Table 3. Control performances comparison for different controllers.

Controllers	${\mathit{\theta }}_{1\mathbf{max}}$ (deg)	${\mathit{\theta }}_{2\mathbf{max}}$ (deg)	${\mathit{\theta }}_{1\mathit{r}\mathit{e}\mathit{s}}$ (deg)	${\mathit{\theta }}_{2\mathit{r}\mathit{e}\mathit{s}}$ (deg)	${\mathit{p}}_{\mathit{f}}$ (m)	${\mathit{t}}_{\mathit{s}}$ (s)	${\mathit{F}}_{\mathbf{max}}$ (N)
Proposed method	3.47	4.29	0.03	0.02	3.005	7.46	21.27
PD	7.85	10.62	7.20	9.69	2.936	> 20	21.40
Passivity-based	6.94	9.95	1.69	2.37	2.989	> 20	25.40
CSMC	7.89	9.18	0.04	0.04	2.986	7.75	22.82

. Table 3 includes the following five performance indicators:

1. ${\theta }_{1\max }$/${\theta }_{2\max }$ denote the maximum hook/payload swing amplitude during the transferring process.

2. ${\theta }_{1res}$/${\theta }_{2res}$ refer to the maximum hook/payload swing amplitude after the trolley stops.

3. $p_f$ is the trolley final position.

4. $t_s$ is defined as the time when ${\theta }_1(t)$ and ${\theta }_2(t)$ enter the ranges of $\left|{\theta }_1(t)\right|\le {0.5}^{\circ }\forall t\ge t_s$ and $\left|{\theta }_2(t)\right|\le {0.5}^{\circ }\forall t\ge t_s$.

5. $F_{\max }$ is maximum actuating during the transferring process.

It could concluded from Table 3 and Figure 5, Figure 6, Figure 7 and Figure 8 that with the similar trolley final position $p_f$ and maximum actuating $F_{\max }$ during the transferring process, the anti-swing control performance of the designed controller in this paper is the best, as compared to other tradition controllers, such as PD controller, passivity-based controller and CSMC controller. The proposed controller effectively suppresses the hook swing angle and the payload swing angle during the transferring process. Moreover, the residual swing angle of the hook and the residual swing angle of the payload are eliminated in time after the trolley arrives at the desired positions. In particular, the proposed control method has the smallest maximal hook swing ${\theta }_{1\max }\approx 3.47 \mathrm{deg}$, the smallest maximal payload swing ${\theta }_{2\max }\approx 4.29 \mathrm{deg}$, the smallest residual hook swing ${\theta }_{1res}\approx 0.03 \mathrm{deg}$, the smallest residual payload swing ${\theta }_{2res}\approx 0.02 \mathrm{deg}$, the smallest setting time $t_s\approx 7.46$ s, and the smallest maximum actuating force $F_{\max }\approx 21.27$ N. The anti-swing transient control performance of the gantry crane with double-pendulum swing effects is increased by at least 50%.

4.2. Robustness Verification

The robustness of the proposed method controller is tested with respect to different desired positions, initial payload swing, payload masses, cable lengths and external disturbances.

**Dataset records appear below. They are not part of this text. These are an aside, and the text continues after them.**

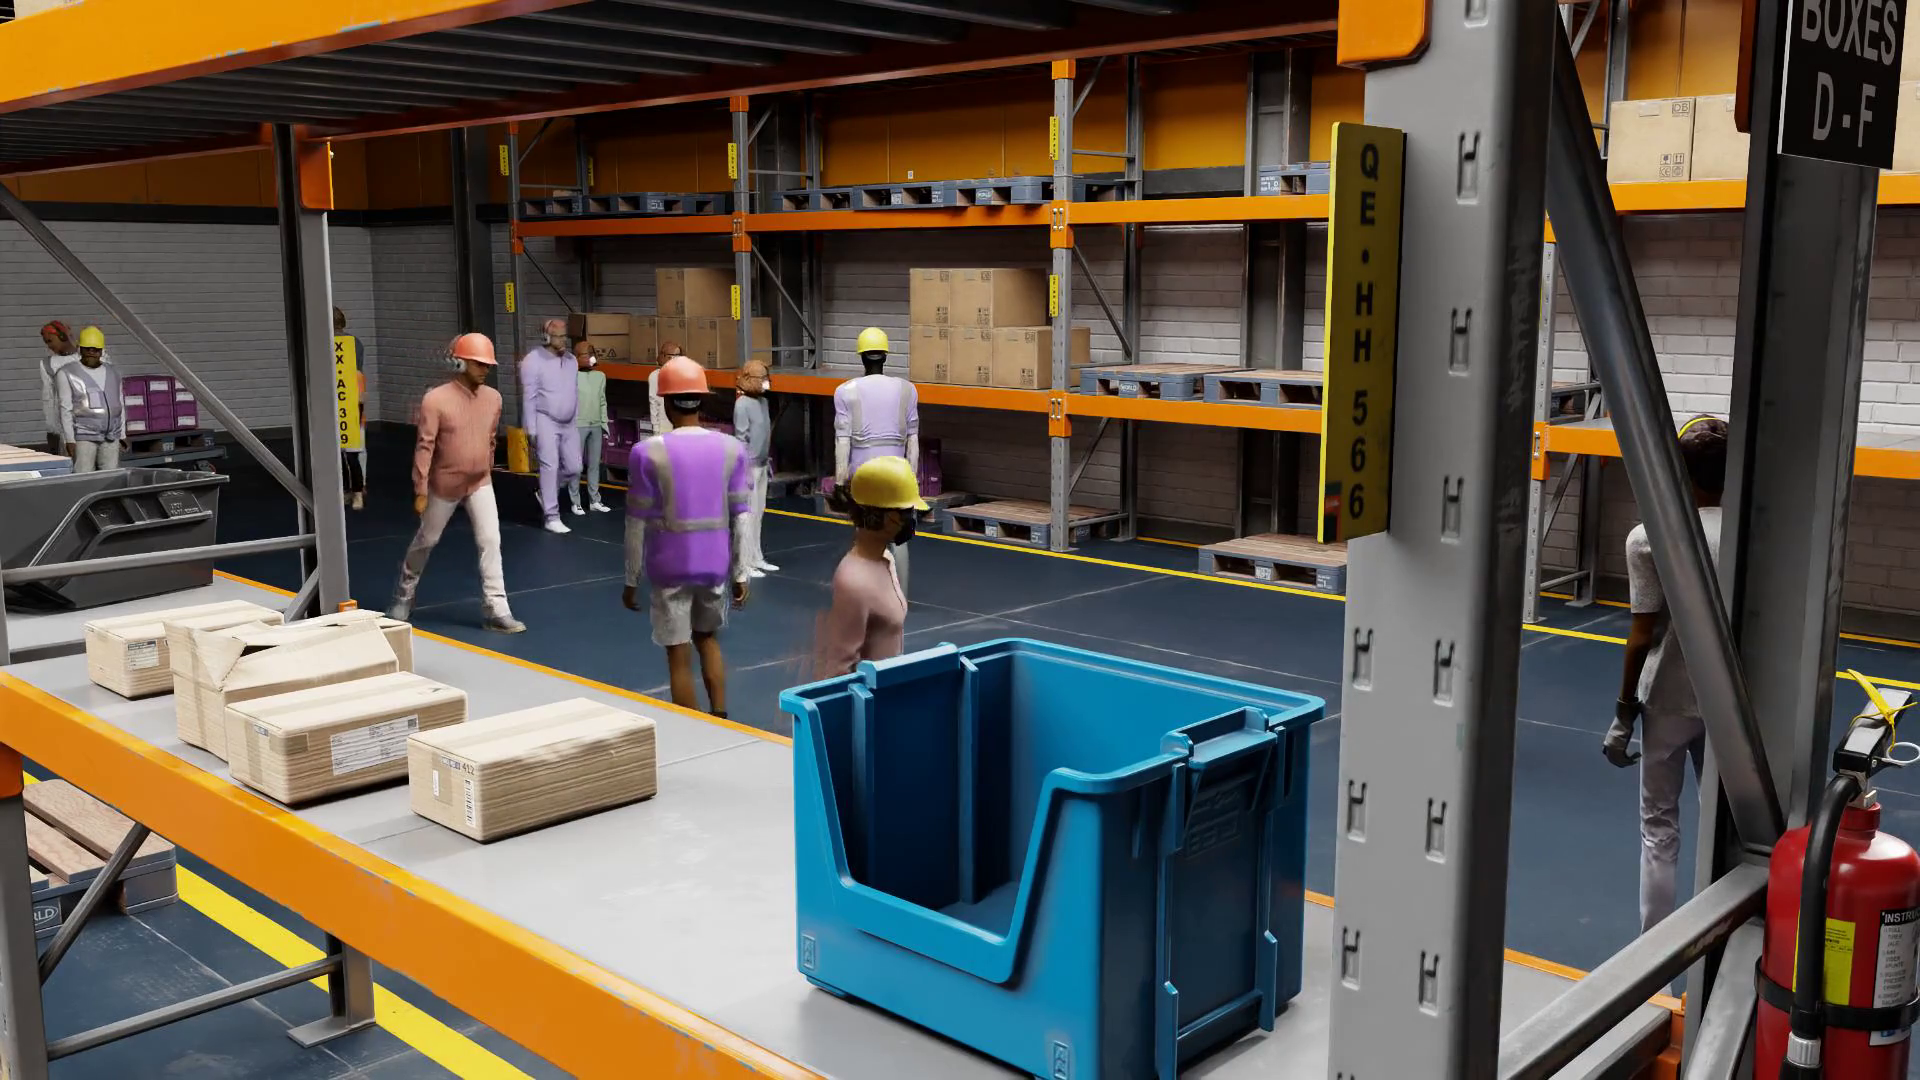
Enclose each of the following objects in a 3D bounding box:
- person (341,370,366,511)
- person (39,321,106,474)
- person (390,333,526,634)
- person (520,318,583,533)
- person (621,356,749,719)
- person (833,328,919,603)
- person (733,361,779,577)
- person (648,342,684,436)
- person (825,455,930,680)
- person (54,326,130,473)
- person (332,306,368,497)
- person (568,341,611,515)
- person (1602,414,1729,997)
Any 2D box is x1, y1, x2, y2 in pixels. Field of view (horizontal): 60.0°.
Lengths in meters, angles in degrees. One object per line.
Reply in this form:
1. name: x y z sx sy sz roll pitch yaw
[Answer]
1. person: -5.942 -1.117 15.996 0.676 1.662 0.386 5 11 29
2. person: -7.971 -1.066 15.144 0.670 1.857 0.345 -3 10 -16
3. person: -3.296 -0.376 10.712 1.082 1.929 0.653 8 12 40
4. person: -3.621 -1.010 14.677 0.538 1.889 0.658 6 11 34
5. person: -1.266 0.129 7.598 0.552 1.923 0.470 -6 11 -33
6. person: -0.570 -0.455 11.158 0.594 1.922 0.384 -4 10 -21
7. person: -1.548 -0.537 12.578 0.294 1.627 0.505 3 10 17
8. person: -2.767 -1.079 15.900 0.277 1.629 0.496 7 12 38
9. person: -0.394 0.569 5.477 0.835 1.725 0.523 0 9 2
10. person: -7.372 -0.903 14.202 0.404 1.828 0.591 5 11 29
11. person: -6.301 -1.403 16.931 0.350 1.935 0.635 3 10 17
12. person: -3.536 -1.059 15.742 0.275 1.636 0.507 8 12 41
13. person: 2.286 0.546 5.216 0.533 1.860 0.310 -1 9 -5
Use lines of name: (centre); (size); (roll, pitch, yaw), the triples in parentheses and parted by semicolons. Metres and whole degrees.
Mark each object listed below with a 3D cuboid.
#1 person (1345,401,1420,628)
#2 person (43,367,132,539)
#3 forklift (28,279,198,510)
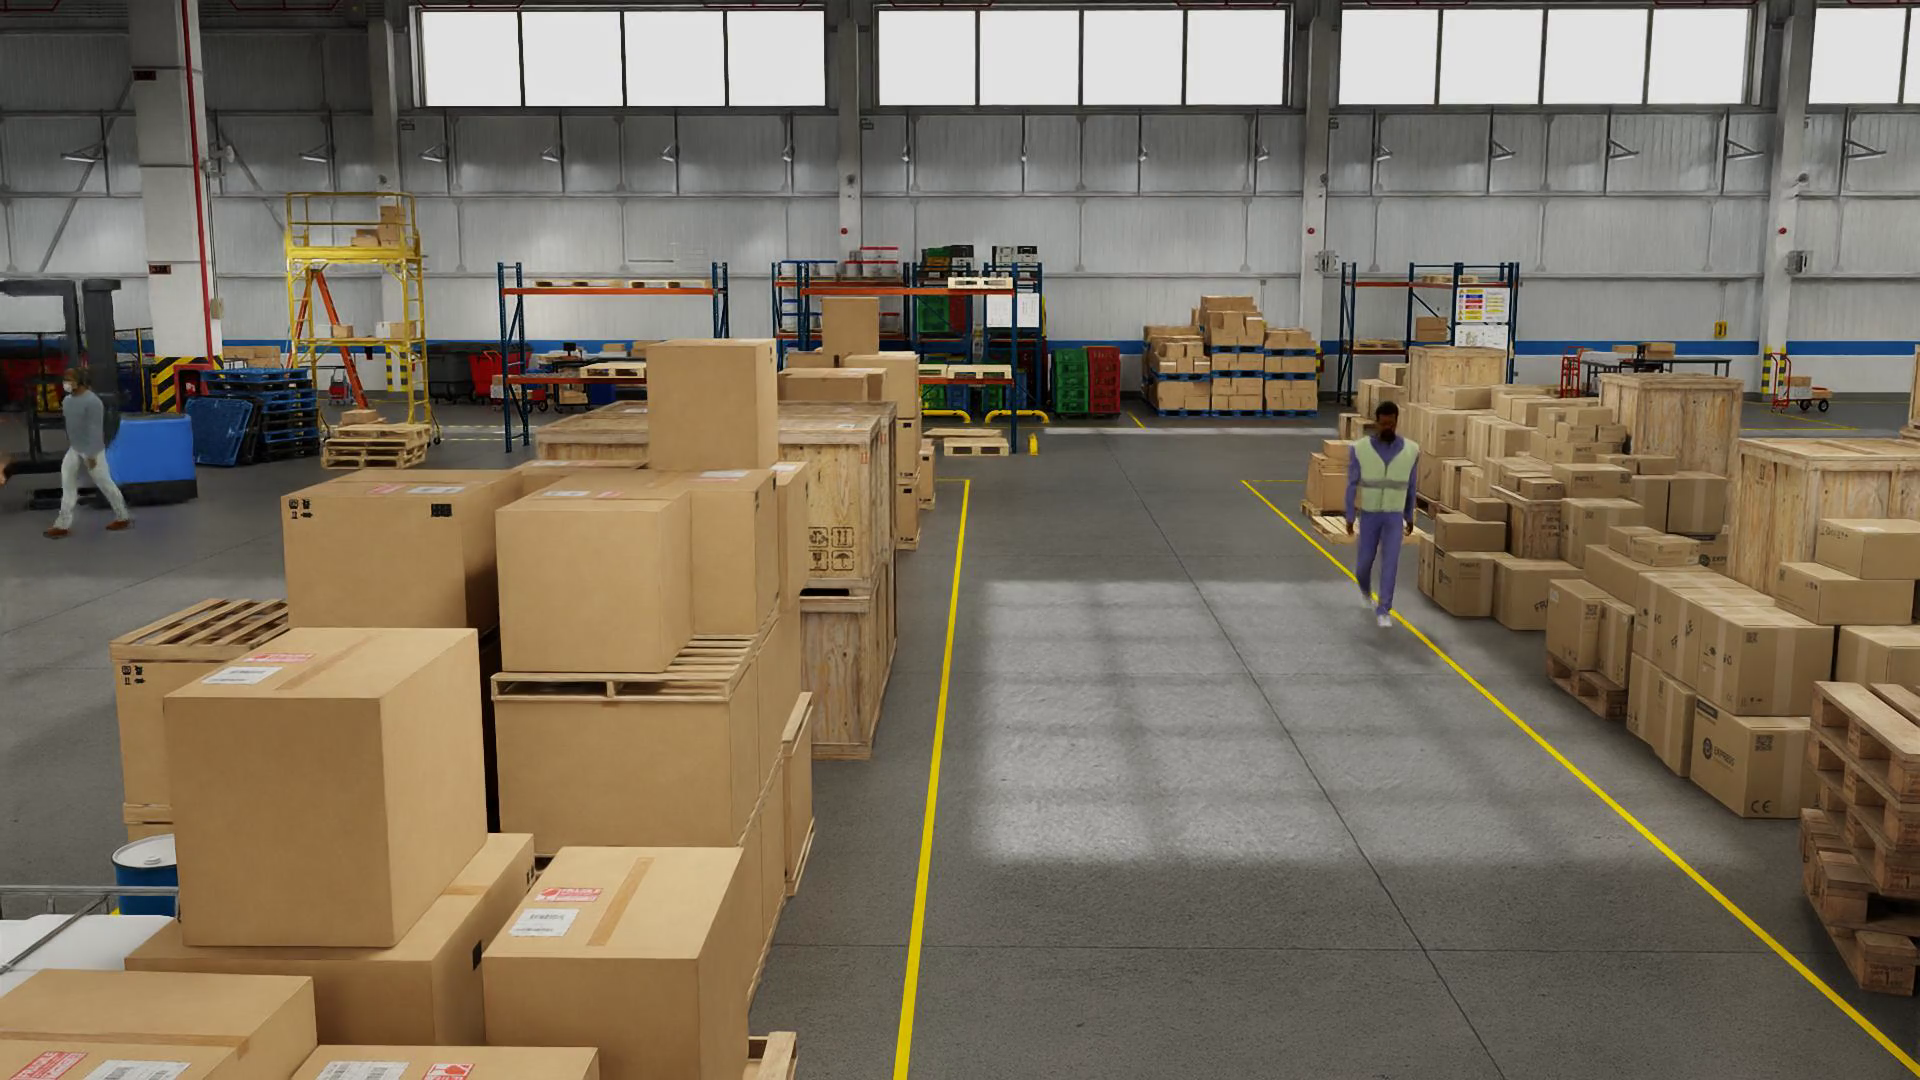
person: (3.561, -0.253, 14.120); (0.604, 1.893, 0.799); (1, 10, 6)
person: (-9.719, -0.979, 18.486); (0.648, 1.890, 1.014); (5, 11, 27)
forklift: (-10.660, -1.862, 20.791); (1.873, 2.768, 1.129); (-4, 10, -25)

There are five cases of numerical simulation tests in this section.

Case 1. In this case, we check the proposed controller robustness at different desired locations while keeping the control gain the same as in Table 2. Therefore, the following three transferring distances are set:

• $p_{dx}=2$ m;
• $p_{dx}=3$ m;
• $p_{dx}=4$ m.

The simulation results are recorded in Figure 9. The trolley is accurately driven to the destination for different desired positions. The maximum hook swing is less than 6 degrees, and the maximum payload swing is less than 5 degrees. There is no residual swing when the trolley arrives at the desired location. It can be seen that the transferring distance has little effect on the amplitude of the double pendulum.

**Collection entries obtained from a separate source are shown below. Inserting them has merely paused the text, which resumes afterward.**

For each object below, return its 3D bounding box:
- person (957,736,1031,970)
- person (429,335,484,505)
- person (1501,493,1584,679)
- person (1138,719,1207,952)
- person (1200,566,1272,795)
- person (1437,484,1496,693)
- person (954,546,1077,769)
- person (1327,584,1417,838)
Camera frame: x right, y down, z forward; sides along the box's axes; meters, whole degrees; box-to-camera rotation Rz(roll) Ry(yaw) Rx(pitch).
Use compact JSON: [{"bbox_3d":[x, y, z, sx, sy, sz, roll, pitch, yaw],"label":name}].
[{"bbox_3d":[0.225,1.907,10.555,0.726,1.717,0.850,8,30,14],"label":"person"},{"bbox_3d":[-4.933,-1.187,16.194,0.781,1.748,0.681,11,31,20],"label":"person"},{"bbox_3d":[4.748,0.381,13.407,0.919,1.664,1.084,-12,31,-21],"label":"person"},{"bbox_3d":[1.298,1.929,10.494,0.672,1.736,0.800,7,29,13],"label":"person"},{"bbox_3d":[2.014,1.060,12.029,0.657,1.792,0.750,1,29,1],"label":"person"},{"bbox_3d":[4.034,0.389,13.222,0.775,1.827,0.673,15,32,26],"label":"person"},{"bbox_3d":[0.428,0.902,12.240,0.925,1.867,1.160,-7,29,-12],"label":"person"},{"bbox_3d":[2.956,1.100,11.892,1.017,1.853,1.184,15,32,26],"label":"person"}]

Case 2. Next, we add the initial swing of hook and swing of payload to disturb the gantry crane control system. The control gains are shown in Table 2. The three groups of initial swing of hook swing and swing of payload are set as:

• Initial ${\theta }_1=-3 \mathrm{deg},{\theta }_2=-5 \mathrm{deg}$;
• Initial ${\theta }_1=0 \mathrm{deg},{\theta }_2= \mathrm{deg}$;
• Initial ${\theta }_1=3 \mathrm{deg},{\theta }_2=5 \mathrm{deg}$.

The simulation results are shown in Figure 10. The hook swing and payload swing are suppressed and eliminated quickly. In addition, by comparing the three groups of simulations, we can conclude that the initial hook swing and payload swing hardly affect the control performance of the gantry crane with double pendulum.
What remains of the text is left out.